• _Exercise goal_
Return every line of the data exactly as it stands.

---------------

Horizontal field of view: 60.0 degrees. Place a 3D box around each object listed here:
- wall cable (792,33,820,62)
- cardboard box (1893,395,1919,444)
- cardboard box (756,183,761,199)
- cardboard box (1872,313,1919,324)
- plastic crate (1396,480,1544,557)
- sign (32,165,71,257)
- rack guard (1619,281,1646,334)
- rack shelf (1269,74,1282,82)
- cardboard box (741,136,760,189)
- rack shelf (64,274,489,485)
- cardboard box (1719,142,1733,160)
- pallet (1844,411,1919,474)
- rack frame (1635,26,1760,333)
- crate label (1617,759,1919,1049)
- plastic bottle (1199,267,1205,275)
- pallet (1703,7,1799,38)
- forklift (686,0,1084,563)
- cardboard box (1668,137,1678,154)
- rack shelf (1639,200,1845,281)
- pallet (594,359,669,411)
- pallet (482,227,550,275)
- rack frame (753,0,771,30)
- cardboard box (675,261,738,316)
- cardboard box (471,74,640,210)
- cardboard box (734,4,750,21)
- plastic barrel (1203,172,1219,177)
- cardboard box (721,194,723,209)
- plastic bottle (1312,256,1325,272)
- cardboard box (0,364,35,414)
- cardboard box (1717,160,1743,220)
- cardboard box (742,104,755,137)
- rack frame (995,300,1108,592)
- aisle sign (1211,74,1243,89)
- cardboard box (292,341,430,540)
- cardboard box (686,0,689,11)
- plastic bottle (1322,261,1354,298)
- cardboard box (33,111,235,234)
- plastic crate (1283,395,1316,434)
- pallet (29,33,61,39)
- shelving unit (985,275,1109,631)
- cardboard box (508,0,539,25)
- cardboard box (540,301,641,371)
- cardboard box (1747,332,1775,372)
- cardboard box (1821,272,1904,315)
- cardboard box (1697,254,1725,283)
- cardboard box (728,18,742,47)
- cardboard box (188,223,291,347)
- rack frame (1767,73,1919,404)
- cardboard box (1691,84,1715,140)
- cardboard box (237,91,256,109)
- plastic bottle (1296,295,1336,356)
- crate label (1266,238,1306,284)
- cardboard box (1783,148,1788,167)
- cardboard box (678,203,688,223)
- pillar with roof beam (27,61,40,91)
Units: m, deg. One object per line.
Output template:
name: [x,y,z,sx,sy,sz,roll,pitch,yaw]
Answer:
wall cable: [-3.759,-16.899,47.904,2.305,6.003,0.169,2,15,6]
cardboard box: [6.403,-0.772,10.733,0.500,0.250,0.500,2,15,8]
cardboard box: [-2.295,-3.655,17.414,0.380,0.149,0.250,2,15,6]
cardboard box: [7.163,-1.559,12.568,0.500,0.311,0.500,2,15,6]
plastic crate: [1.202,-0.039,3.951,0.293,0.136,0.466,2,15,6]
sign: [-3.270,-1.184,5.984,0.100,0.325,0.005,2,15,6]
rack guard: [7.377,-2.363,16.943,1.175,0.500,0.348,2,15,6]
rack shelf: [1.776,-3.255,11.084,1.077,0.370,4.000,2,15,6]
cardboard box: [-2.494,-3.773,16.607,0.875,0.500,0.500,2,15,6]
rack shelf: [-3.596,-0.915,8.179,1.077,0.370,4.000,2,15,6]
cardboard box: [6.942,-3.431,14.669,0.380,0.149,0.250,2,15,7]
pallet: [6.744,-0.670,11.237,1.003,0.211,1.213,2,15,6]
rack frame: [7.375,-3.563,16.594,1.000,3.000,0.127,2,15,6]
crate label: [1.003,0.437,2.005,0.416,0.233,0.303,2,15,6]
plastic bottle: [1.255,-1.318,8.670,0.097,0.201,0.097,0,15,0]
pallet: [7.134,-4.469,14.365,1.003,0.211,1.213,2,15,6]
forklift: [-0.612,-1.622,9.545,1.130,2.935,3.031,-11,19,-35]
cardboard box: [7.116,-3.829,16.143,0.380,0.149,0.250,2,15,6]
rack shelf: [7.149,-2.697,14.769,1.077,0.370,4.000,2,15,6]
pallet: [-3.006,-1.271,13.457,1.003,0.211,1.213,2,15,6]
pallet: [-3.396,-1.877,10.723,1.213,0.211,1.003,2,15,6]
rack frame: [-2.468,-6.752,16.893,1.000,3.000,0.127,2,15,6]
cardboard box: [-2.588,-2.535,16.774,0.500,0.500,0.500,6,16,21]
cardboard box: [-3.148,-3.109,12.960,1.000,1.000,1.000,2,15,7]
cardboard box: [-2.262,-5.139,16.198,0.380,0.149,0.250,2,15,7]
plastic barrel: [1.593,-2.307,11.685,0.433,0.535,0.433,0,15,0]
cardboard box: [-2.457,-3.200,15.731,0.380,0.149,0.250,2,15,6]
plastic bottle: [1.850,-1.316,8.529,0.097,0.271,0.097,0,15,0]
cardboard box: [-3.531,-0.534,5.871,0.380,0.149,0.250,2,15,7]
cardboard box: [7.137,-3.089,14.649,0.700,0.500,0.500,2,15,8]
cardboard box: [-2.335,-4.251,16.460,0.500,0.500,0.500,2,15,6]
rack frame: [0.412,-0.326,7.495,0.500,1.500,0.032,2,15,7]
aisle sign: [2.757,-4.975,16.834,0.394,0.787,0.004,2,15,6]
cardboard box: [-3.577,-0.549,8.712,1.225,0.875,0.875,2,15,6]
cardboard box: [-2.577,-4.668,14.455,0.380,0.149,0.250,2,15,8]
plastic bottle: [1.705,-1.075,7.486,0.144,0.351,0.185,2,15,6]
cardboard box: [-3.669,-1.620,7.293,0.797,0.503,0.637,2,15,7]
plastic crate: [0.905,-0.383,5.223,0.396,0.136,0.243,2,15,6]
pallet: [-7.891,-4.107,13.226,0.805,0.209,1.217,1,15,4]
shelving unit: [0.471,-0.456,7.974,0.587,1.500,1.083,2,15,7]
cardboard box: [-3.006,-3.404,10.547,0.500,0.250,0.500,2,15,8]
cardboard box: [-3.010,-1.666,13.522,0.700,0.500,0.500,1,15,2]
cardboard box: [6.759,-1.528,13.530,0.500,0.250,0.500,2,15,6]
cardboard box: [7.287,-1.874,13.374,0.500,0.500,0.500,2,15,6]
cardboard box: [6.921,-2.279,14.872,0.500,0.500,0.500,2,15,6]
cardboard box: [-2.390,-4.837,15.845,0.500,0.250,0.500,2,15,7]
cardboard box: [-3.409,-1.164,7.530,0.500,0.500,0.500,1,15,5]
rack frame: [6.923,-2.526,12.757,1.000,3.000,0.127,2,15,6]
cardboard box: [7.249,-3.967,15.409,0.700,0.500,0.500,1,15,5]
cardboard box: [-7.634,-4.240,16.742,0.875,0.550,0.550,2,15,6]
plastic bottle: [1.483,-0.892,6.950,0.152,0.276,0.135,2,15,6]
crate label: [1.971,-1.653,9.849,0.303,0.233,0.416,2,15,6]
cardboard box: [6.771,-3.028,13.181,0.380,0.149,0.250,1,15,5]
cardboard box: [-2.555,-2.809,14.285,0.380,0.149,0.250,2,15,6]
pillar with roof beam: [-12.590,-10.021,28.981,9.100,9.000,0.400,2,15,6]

---------------

• _Exercise answer_
Horizontal field of view: 60.0 degrees. Place a 3D box around each object listed here:
- wall cable (792,33,820,62)
- cardboard box (1893,395,1919,444)
- cardboard box (756,183,761,199)
- cardboard box (1872,313,1919,324)
- plastic crate (1396,480,1544,557)
- sign (32,165,71,257)
- rack guard (1619,281,1646,334)
- rack shelf (1269,74,1282,82)
- cardboard box (741,136,760,189)
- rack shelf (64,274,489,485)
- cardboard box (1719,142,1733,160)
- pallet (1844,411,1919,474)
- rack frame (1635,26,1760,333)
- crate label (1617,759,1919,1049)
- plastic bottle (1199,267,1205,275)
- pallet (1703,7,1799,38)
- forklift (686,0,1084,563)
- cardboard box (1668,137,1678,154)
- rack shelf (1639,200,1845,281)
- pallet (594,359,669,411)
- pallet (482,227,550,275)
- rack frame (753,0,771,30)
- cardboard box (675,261,738,316)
- cardboard box (471,74,640,210)
- cardboard box (734,4,750,21)
- plastic barrel (1203,172,1219,177)
- cardboard box (721,194,723,209)
- plastic bottle (1312,256,1325,272)
- cardboard box (0,364,35,414)
- cardboard box (1717,160,1743,220)
- cardboard box (742,104,755,137)
- rack frame (995,300,1108,592)
- aisle sign (1211,74,1243,89)
- cardboard box (292,341,430,540)
- cardboard box (686,0,689,11)
- plastic bottle (1322,261,1354,298)
- cardboard box (33,111,235,234)
- plastic crate (1283,395,1316,434)
- pallet (29,33,61,39)
- shelving unit (985,275,1109,631)
- cardboard box (508,0,539,25)
- cardboard box (540,301,641,371)
- cardboard box (1747,332,1775,372)
- cardboard box (1821,272,1904,315)
- cardboard box (1697,254,1725,283)
- cardboard box (728,18,742,47)
- cardboard box (188,223,291,347)
- rack frame (1767,73,1919,404)
- cardboard box (1691,84,1715,140)
- cardboard box (237,91,256,109)
- plastic bottle (1296,295,1336,356)
- crate label (1266,238,1306,284)
- cardboard box (1783,148,1788,167)
- cardboard box (678,203,688,223)
- pillar with roof beam (27,61,40,91)
Units: m, deg. One object per line.
Output template:
name: [x,y,z,sx,sy,sz,roll,pitch,yaw]
Answer:
wall cable: [-3.759,-16.899,47.904,2.305,6.003,0.169,2,15,6]
cardboard box: [6.403,-0.772,10.733,0.500,0.250,0.500,2,15,8]
cardboard box: [-2.295,-3.655,17.414,0.380,0.149,0.250,2,15,6]
cardboard box: [7.163,-1.559,12.568,0.500,0.311,0.500,2,15,6]
plastic crate: [1.202,-0.039,3.951,0.293,0.136,0.466,2,15,6]
sign: [-3.270,-1.184,5.984,0.100,0.325,0.005,2,15,6]
rack guard: [7.377,-2.363,16.943,1.175,0.500,0.348,2,15,6]
rack shelf: [1.776,-3.255,11.084,1.077,0.370,4.000,2,15,6]
cardboard box: [-2.494,-3.773,16.607,0.875,0.500,0.500,2,15,6]
rack shelf: [-3.596,-0.915,8.179,1.077,0.370,4.000,2,15,6]
cardboard box: [6.942,-3.431,14.669,0.380,0.149,0.250,2,15,7]
pallet: [6.744,-0.670,11.237,1.003,0.211,1.213,2,15,6]
rack frame: [7.375,-3.563,16.594,1.000,3.000,0.127,2,15,6]
crate label: [1.003,0.437,2.005,0.416,0.233,0.303,2,15,6]
plastic bottle: [1.255,-1.318,8.670,0.097,0.201,0.097,0,15,0]
pallet: [7.134,-4.469,14.365,1.003,0.211,1.213,2,15,6]
forklift: [-0.612,-1.622,9.545,1.130,2.935,3.031,-11,19,-35]
cardboard box: [7.116,-3.829,16.143,0.380,0.149,0.250,2,15,6]
rack shelf: [7.149,-2.697,14.769,1.077,0.370,4.000,2,15,6]
pallet: [-3.006,-1.271,13.457,1.003,0.211,1.213,2,15,6]
pallet: [-3.396,-1.877,10.723,1.213,0.211,1.003,2,15,6]
rack frame: [-2.468,-6.752,16.893,1.000,3.000,0.127,2,15,6]
cardboard box: [-2.588,-2.535,16.774,0.500,0.500,0.500,6,16,21]
cardboard box: [-3.148,-3.109,12.960,1.000,1.000,1.000,2,15,7]
cardboard box: [-2.262,-5.139,16.198,0.380,0.149,0.250,2,15,7]
plastic barrel: [1.593,-2.307,11.685,0.433,0.535,0.433,0,15,0]
cardboard box: [-2.457,-3.200,15.731,0.380,0.149,0.250,2,15,6]
plastic bottle: [1.850,-1.316,8.529,0.097,0.271,0.097,0,15,0]
cardboard box: [-3.531,-0.534,5.871,0.380,0.149,0.250,2,15,7]
cardboard box: [7.137,-3.089,14.649,0.700,0.500,0.500,2,15,8]
cardboard box: [-2.335,-4.251,16.460,0.500,0.500,0.500,2,15,6]
rack frame: [0.412,-0.326,7.495,0.500,1.500,0.032,2,15,7]
aisle sign: [2.757,-4.975,16.834,0.394,0.787,0.004,2,15,6]
cardboard box: [-3.577,-0.549,8.712,1.225,0.875,0.875,2,15,6]
cardboard box: [-2.577,-4.668,14.455,0.380,0.149,0.250,2,15,8]
plastic bottle: [1.705,-1.075,7.486,0.144,0.351,0.185,2,15,6]
cardboard box: [-3.669,-1.620,7.293,0.797,0.503,0.637,2,15,7]
plastic crate: [0.905,-0.383,5.223,0.396,0.136,0.243,2,15,6]
pallet: [-7.891,-4.107,13.226,0.805,0.209,1.217,1,15,4]
shelving unit: [0.471,-0.456,7.974,0.587,1.500,1.083,2,15,7]
cardboard box: [-3.006,-3.404,10.547,0.500,0.250,0.500,2,15,8]
cardboard box: [-3.010,-1.666,13.522,0.700,0.500,0.500,1,15,2]
cardboard box: [6.759,-1.528,13.530,0.500,0.250,0.500,2,15,6]
cardboard box: [7.287,-1.874,13.374,0.500,0.500,0.500,2,15,6]
cardboard box: [6.921,-2.279,14.872,0.500,0.500,0.500,2,15,6]
cardboard box: [-2.390,-4.837,15.845,0.500,0.250,0.500,2,15,7]
cardboard box: [-3.409,-1.164,7.530,0.500,0.500,0.500,1,15,5]
rack frame: [6.923,-2.526,12.757,1.000,3.000,0.127,2,15,6]
cardboard box: [7.249,-3.967,15.409,0.700,0.500,0.500,1,15,5]
cardboard box: [-7.634,-4.240,16.742,0.875,0.550,0.550,2,15,6]
plastic bottle: [1.483,-0.892,6.950,0.152,0.276,0.135,2,15,6]
crate label: [1.971,-1.653,9.849,0.303,0.233,0.416,2,15,6]
cardboard box: [6.771,-3.028,13.181,0.380,0.149,0.250,1,15,5]
cardboard box: [-2.555,-2.809,14.285,0.380,0.149,0.250,2,15,6]
pillar with roof beam: [-12.590,-10.021,28.981,9.100,9.000,0.400,2,15,6]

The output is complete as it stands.